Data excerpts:
_ _ _

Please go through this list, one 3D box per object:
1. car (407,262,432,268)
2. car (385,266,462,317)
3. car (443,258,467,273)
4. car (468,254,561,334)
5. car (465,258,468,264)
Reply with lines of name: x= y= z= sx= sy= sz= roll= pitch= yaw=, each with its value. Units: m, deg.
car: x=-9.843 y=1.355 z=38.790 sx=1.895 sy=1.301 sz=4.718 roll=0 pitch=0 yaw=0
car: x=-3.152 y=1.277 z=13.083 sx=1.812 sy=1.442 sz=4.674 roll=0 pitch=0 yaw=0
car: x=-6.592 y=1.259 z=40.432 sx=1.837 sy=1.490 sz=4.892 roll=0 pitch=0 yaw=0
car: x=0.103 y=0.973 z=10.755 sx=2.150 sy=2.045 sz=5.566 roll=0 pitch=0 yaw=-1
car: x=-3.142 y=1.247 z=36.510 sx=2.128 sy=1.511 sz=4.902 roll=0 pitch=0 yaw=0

_ _ _

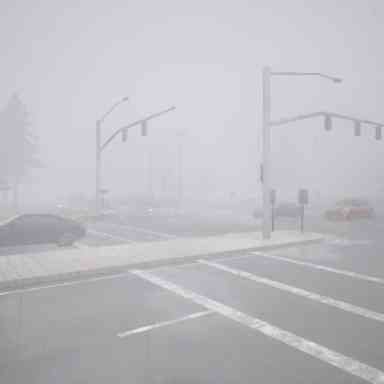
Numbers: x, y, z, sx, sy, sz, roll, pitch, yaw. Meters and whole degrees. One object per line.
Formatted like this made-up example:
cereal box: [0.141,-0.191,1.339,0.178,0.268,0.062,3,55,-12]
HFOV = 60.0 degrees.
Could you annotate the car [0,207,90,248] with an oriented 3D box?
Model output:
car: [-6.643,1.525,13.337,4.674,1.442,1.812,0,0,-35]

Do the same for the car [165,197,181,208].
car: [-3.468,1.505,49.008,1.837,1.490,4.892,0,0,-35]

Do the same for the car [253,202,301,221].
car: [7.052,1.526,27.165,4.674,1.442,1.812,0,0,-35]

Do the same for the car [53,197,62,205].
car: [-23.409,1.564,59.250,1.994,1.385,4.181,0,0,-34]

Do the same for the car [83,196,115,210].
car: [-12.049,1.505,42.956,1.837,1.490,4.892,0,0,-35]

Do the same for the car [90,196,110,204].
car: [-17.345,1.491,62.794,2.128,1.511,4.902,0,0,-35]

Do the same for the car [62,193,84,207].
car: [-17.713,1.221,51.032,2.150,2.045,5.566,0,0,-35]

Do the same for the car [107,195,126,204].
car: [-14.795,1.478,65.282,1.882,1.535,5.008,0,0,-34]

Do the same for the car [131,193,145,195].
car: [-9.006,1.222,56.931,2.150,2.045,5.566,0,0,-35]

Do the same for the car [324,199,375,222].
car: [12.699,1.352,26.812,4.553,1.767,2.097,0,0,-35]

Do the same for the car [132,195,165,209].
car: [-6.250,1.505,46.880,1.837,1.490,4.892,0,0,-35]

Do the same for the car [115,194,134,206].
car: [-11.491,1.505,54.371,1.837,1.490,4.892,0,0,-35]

_ _ _

_AIM OF THE TASK_:
Above are records; repeat only the lines starting at the line with "2. car (385,266,462,317)" and ending at the line with "5. car (465,258,468,264)", exactly as they appear, both included.

_ANSWER TO THE PROBLEM_:
2. car (385,266,462,317)
3. car (443,258,467,273)
4. car (468,254,561,334)
5. car (465,258,468,264)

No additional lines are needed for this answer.